## Description of the task
Report back every line of the entries that contains "įteikiamas", exactly as written.
Top of Information given
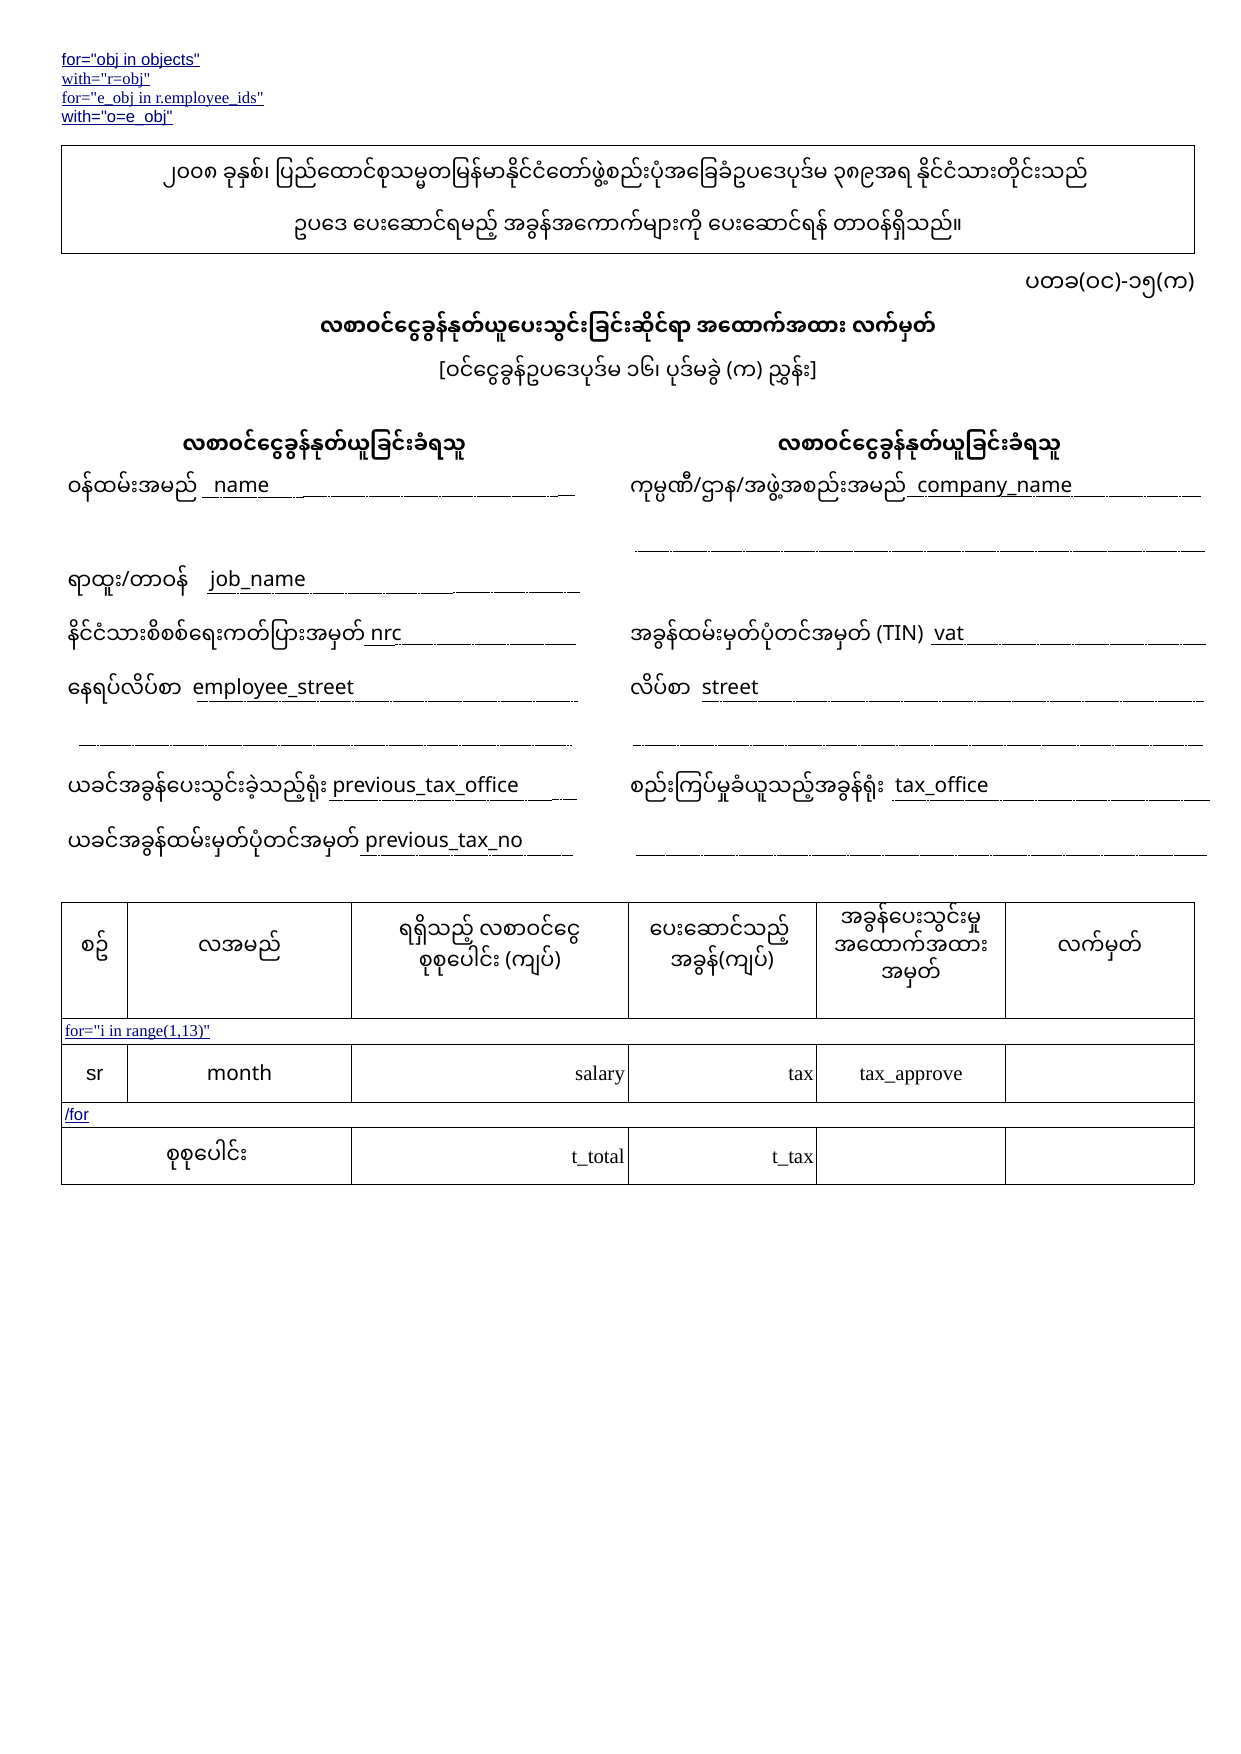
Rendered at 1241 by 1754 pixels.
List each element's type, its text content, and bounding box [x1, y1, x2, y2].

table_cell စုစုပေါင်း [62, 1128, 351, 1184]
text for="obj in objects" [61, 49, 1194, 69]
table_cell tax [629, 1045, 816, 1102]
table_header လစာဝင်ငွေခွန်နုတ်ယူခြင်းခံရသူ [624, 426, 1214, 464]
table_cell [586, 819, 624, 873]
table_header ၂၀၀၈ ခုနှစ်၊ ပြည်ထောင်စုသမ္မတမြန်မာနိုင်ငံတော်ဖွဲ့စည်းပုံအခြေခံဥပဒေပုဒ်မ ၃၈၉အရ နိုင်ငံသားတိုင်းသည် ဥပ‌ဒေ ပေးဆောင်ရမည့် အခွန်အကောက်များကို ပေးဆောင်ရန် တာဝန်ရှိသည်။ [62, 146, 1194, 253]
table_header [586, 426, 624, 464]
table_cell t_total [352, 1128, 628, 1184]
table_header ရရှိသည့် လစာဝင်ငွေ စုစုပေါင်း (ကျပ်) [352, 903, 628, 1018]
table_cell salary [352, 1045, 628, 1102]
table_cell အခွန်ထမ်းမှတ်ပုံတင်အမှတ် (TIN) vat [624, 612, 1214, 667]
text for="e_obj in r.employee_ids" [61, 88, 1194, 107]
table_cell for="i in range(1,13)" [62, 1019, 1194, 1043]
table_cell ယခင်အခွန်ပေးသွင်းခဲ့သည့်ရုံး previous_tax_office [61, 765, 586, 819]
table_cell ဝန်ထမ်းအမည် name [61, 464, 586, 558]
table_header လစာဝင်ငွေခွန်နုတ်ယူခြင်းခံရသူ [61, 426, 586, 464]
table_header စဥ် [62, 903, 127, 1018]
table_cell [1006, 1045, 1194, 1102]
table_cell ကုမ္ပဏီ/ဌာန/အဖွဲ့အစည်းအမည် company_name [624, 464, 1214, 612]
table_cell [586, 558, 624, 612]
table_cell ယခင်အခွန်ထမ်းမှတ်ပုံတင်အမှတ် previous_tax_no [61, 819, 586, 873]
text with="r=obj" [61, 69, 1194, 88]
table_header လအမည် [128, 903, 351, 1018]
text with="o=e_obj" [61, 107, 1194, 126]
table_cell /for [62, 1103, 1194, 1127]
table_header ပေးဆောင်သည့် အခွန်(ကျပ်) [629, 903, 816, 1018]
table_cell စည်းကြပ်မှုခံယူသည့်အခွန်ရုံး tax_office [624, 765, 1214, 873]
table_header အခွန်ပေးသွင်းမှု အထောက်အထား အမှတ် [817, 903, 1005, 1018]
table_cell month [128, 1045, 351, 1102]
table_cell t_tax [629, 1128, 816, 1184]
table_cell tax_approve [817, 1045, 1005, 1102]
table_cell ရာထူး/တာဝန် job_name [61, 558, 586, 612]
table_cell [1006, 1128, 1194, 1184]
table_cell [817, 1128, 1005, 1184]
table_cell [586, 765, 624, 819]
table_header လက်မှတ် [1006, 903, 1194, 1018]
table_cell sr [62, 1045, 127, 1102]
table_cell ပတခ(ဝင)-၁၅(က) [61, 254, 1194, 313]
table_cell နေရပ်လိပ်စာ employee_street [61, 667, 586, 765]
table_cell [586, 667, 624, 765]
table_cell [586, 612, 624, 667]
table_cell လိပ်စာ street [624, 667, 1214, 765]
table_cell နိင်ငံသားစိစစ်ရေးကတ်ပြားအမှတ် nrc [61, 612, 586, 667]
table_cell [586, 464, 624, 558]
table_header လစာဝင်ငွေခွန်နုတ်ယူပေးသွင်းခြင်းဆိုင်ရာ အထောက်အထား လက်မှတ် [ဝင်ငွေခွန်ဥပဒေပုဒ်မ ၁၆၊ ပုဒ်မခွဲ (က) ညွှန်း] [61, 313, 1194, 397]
Bottom of Information given
Top of Information given
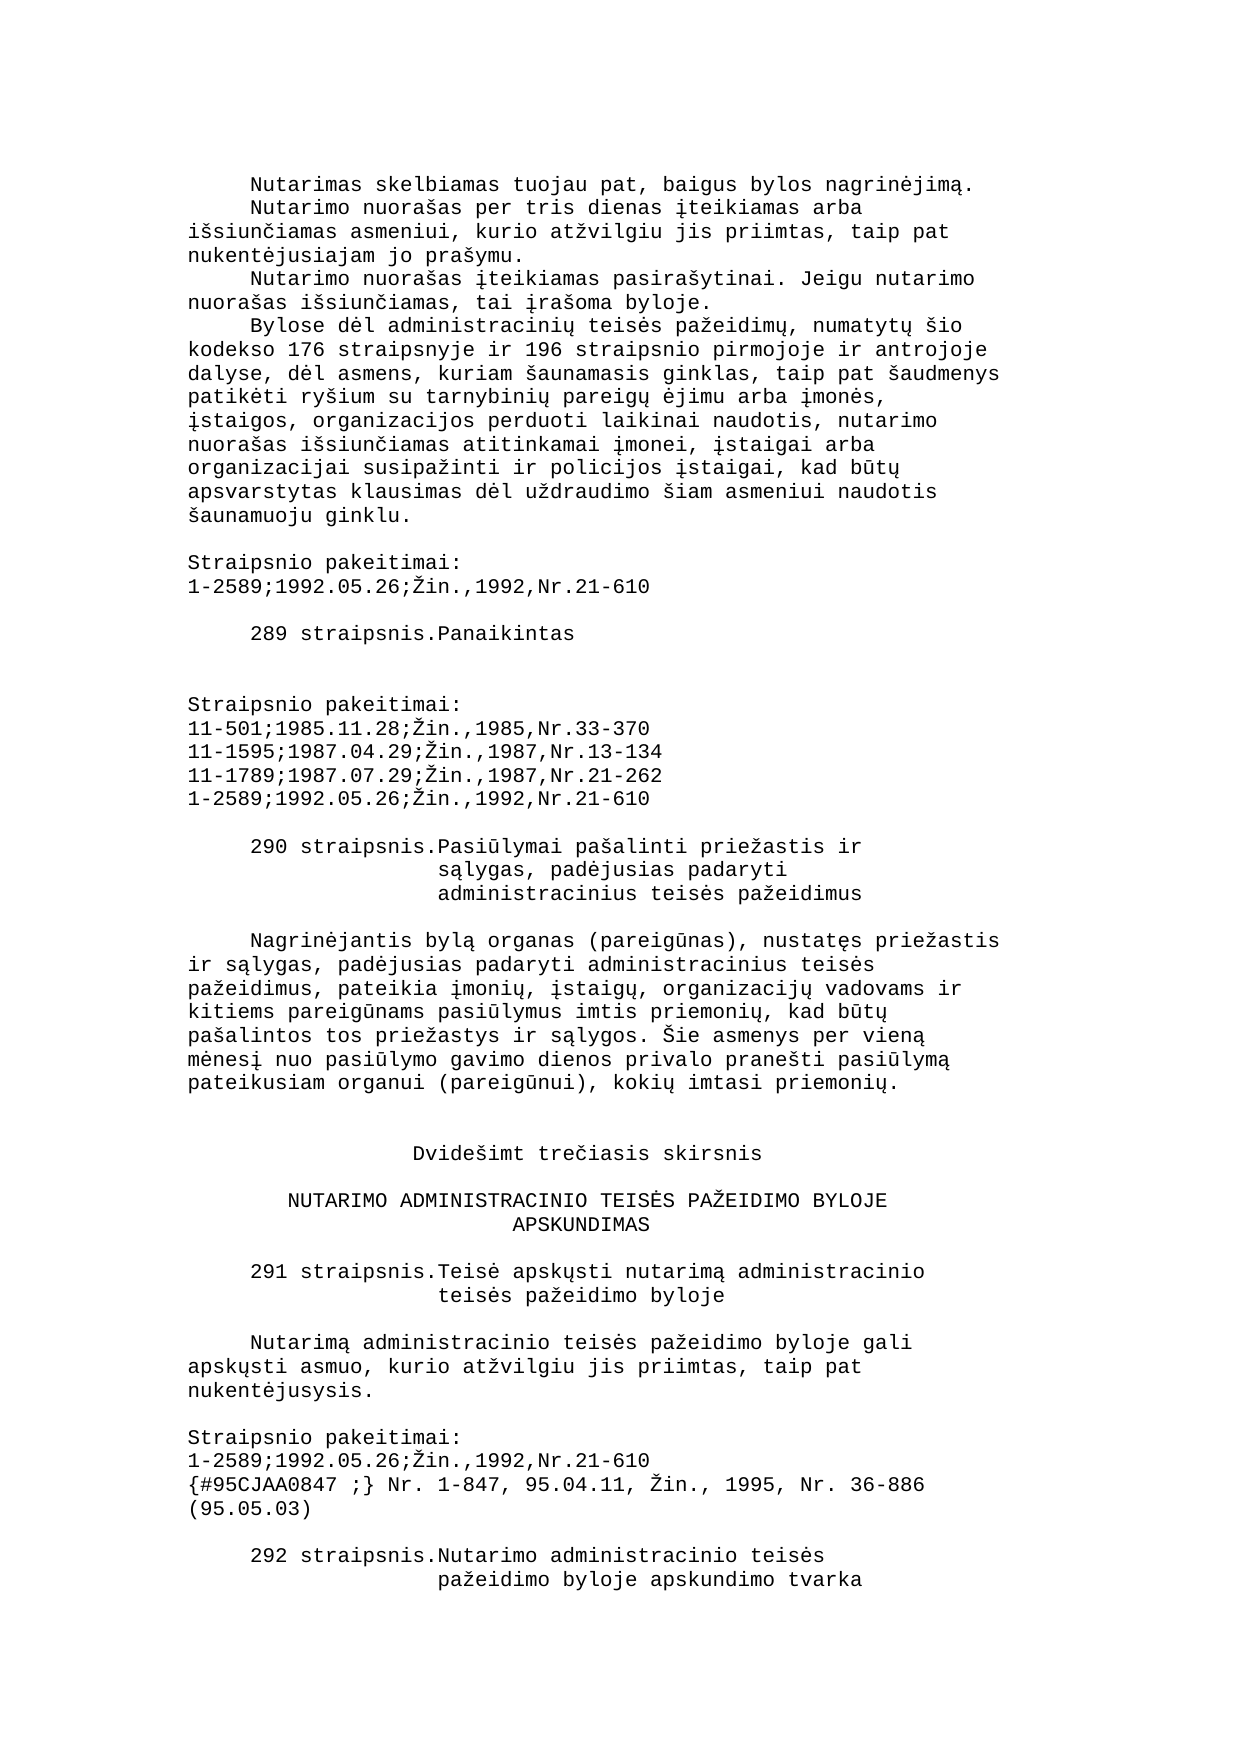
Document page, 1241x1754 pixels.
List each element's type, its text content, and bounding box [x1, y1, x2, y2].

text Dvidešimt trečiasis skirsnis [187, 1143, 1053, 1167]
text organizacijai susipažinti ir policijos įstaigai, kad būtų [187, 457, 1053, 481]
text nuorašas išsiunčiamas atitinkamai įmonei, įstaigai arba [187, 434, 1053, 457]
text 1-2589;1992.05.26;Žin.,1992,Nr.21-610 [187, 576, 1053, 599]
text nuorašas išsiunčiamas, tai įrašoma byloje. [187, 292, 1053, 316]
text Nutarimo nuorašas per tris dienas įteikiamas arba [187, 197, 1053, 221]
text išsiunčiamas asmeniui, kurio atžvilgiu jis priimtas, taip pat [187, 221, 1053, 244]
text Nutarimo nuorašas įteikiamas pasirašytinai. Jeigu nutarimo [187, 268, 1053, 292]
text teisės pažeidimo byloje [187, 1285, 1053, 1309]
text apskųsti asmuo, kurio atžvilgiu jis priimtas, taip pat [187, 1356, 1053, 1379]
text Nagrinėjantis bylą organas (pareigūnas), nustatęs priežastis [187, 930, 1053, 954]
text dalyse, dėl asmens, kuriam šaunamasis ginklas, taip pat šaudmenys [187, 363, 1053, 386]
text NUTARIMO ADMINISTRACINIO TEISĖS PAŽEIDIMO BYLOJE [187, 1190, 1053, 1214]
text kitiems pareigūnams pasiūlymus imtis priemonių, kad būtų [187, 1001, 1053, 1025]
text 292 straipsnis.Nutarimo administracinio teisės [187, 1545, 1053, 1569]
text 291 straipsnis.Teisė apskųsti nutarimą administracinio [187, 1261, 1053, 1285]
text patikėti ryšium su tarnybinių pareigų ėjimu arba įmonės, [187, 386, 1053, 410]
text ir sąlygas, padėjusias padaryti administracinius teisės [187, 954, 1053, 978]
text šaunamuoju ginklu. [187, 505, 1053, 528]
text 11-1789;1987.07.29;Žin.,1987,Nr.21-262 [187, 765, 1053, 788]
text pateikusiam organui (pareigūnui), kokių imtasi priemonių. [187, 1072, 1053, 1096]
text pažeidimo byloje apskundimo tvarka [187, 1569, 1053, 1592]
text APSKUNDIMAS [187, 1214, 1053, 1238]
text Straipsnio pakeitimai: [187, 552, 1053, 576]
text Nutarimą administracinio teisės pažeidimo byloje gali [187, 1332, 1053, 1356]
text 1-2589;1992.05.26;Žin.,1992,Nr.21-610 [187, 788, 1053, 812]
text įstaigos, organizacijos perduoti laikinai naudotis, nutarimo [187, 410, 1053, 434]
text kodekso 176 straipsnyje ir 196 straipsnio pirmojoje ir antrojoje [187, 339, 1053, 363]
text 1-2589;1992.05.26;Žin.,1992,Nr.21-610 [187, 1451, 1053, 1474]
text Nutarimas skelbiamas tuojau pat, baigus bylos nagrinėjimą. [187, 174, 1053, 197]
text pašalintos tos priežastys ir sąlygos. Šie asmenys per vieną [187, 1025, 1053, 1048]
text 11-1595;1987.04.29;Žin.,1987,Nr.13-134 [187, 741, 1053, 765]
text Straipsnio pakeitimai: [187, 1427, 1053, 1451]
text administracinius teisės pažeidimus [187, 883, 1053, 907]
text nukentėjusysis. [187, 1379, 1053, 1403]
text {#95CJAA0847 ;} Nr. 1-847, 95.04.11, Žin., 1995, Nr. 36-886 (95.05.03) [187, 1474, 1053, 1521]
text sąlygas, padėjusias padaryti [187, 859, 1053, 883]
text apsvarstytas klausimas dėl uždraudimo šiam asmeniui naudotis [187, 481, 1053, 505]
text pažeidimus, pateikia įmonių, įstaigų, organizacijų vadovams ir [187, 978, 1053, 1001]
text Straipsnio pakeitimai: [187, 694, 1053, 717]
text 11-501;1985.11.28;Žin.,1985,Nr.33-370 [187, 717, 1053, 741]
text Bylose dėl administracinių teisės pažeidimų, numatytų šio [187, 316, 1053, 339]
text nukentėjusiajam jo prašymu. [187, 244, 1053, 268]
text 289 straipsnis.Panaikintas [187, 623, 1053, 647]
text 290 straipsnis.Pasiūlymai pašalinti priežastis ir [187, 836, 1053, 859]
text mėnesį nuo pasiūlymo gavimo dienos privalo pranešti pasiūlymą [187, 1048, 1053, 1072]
Bottom of Information given
## Answer for this exercise
text Nutarimo nuorašas per tris dienas įteikiamas arba [187, 197, 1053, 221]
text Nutarimo nuorašas įteikiamas pasirašytinai. Jeigu nutarimo [187, 268, 1053, 292]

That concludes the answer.